**To do**. Repeat the entries below exactly, pictures excluded.
Input data START
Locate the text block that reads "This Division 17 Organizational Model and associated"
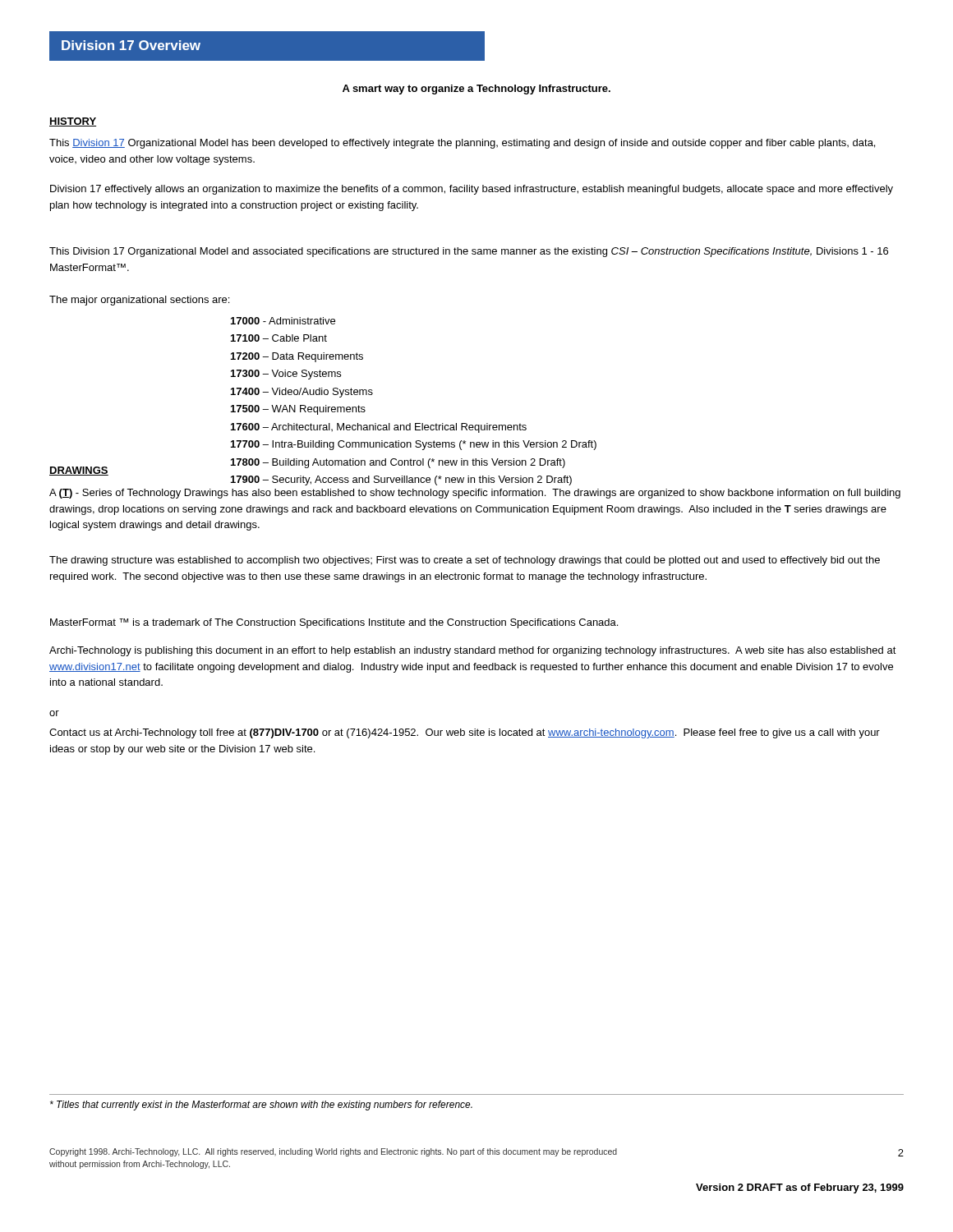This screenshot has height=1232, width=953. tap(469, 259)
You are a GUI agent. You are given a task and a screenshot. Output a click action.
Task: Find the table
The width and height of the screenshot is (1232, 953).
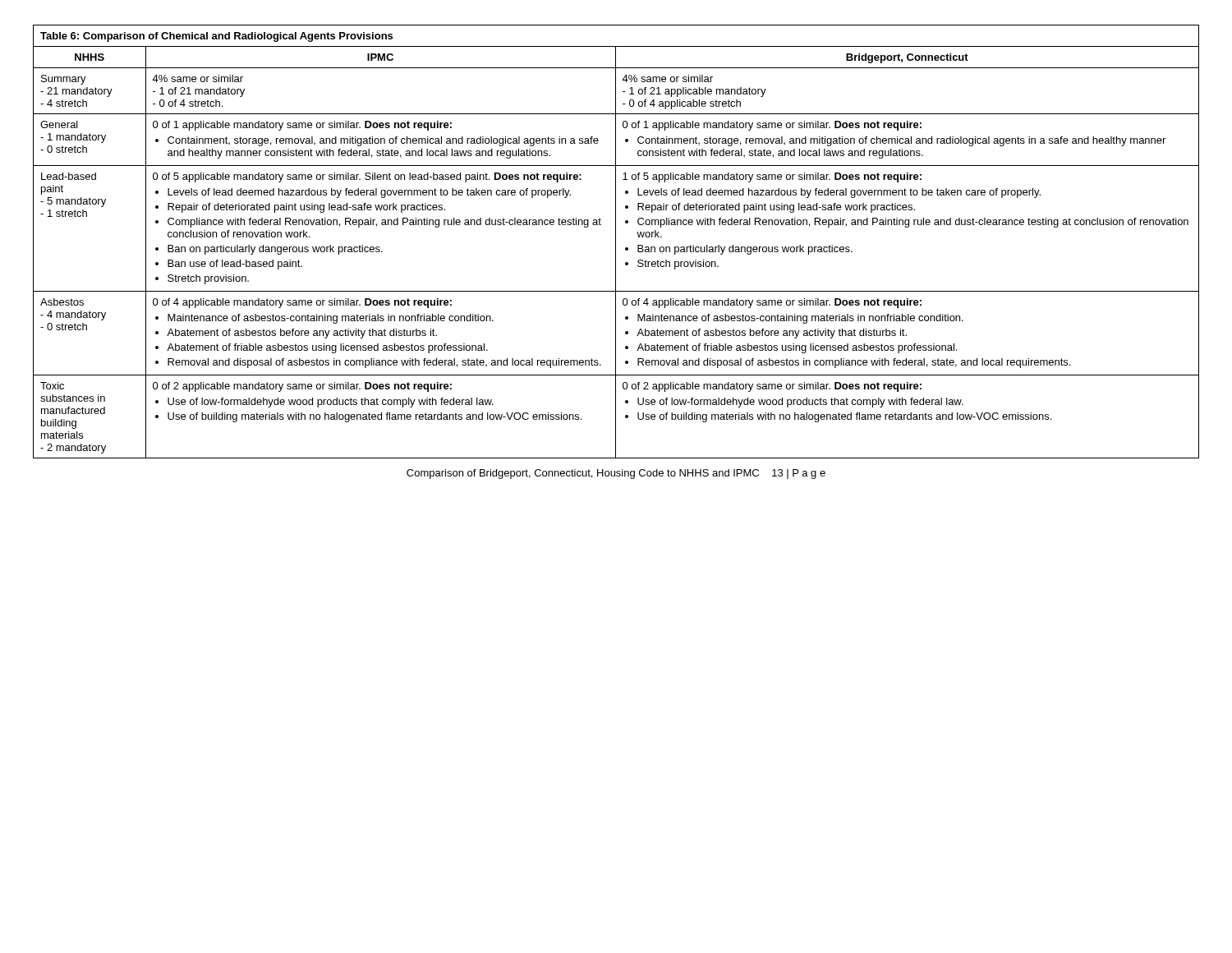[616, 242]
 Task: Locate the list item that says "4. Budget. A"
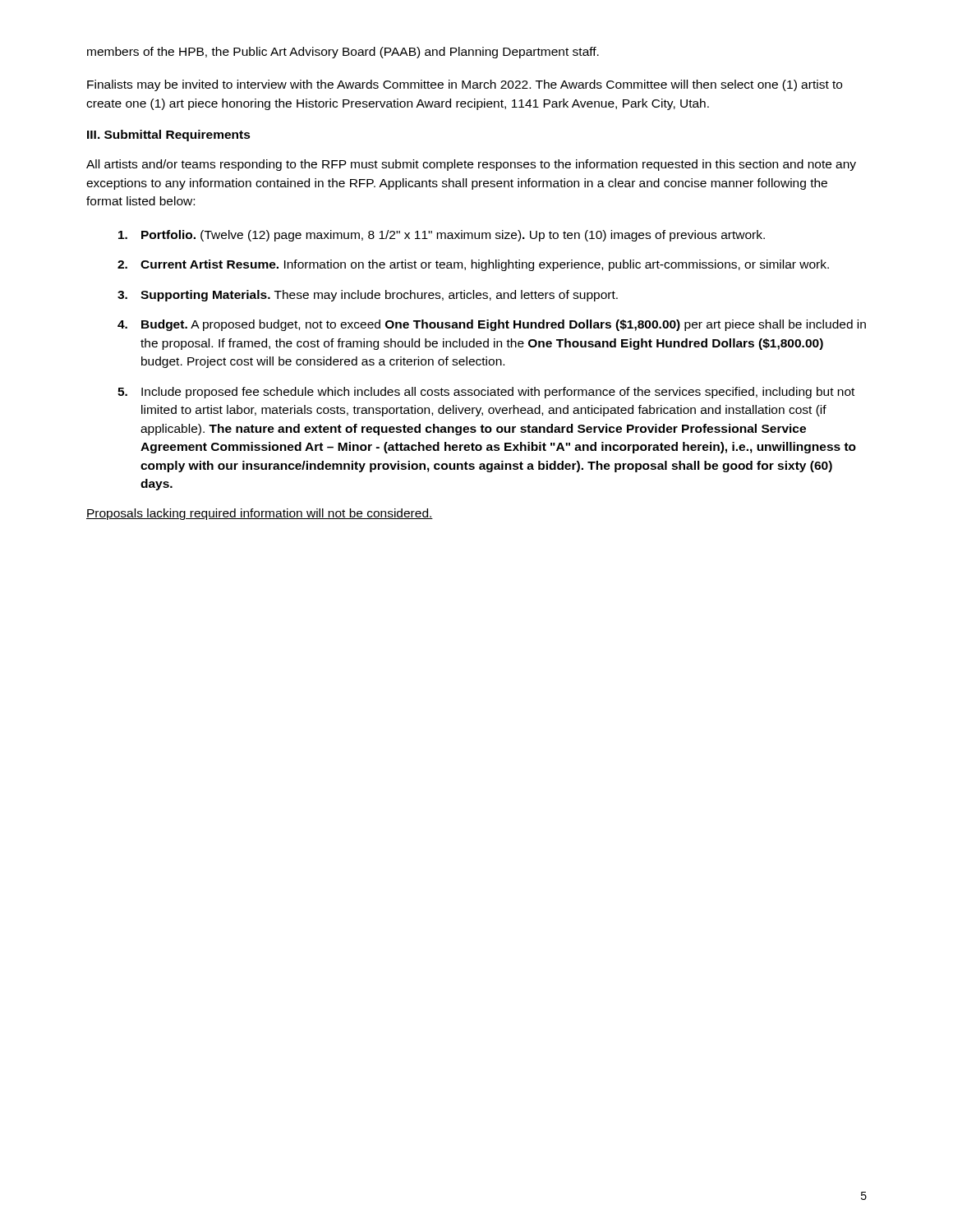[x=492, y=343]
Input data END
**Result**.
Locate the text block that reads "This Division 17 Organizational Model and associated"
This screenshot has height=1232, width=953. tap(469, 259)
You are a GUI agent. You are given a task and a screenshot. Output a click action.
Task: Find the table
The width and height of the screenshot is (1232, 953).
[616, 242]
 Task: Locate the list item that says "4. Budget. A"
[x=492, y=343]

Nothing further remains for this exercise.